» Assignment: The lines needed are those below that contain the word "oriented"; copy each one.

» Data listing:

● ● ● ● ● ● ●

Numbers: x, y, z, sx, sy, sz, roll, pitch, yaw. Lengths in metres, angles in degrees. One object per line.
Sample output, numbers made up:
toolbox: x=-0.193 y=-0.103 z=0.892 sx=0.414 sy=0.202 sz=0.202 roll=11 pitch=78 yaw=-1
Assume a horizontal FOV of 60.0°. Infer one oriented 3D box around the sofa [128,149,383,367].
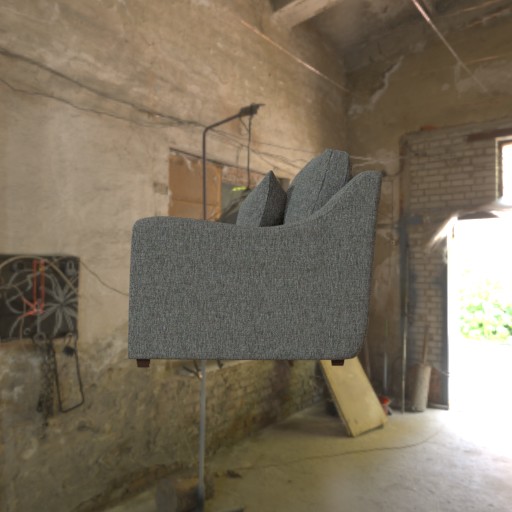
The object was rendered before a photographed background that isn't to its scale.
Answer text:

● ● ● ● ● ● ●

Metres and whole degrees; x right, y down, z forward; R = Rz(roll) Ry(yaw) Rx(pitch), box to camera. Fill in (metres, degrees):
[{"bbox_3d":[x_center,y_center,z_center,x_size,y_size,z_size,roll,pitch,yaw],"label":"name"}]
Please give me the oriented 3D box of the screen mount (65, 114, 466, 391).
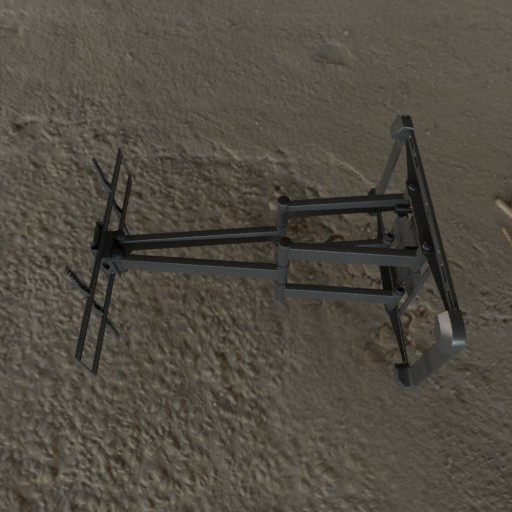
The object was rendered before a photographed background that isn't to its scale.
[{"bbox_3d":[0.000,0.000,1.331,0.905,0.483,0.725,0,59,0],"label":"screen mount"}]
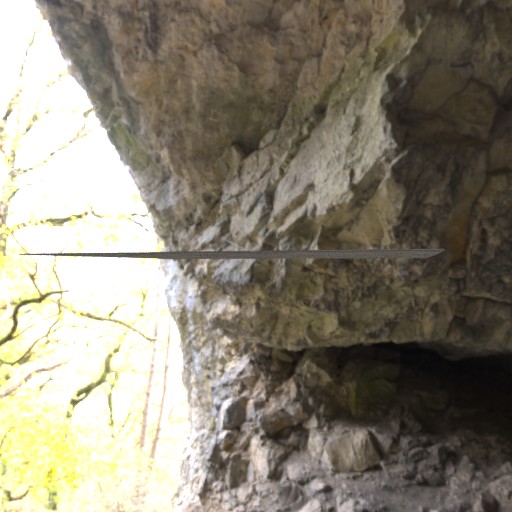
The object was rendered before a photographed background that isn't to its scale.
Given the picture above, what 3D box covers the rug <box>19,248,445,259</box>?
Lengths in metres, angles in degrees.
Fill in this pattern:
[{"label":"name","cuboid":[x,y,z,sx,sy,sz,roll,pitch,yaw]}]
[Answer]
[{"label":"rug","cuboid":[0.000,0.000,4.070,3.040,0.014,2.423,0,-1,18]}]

● ● ● ● ● ● ●

» Solution to the problem:
Assume a horizontal FOV of 60.0°. Infer one oriented 3D box around the sofa [128,149,383,367].
Please give me the oriented 3D box of the screen mount (65, 114, 466, 391).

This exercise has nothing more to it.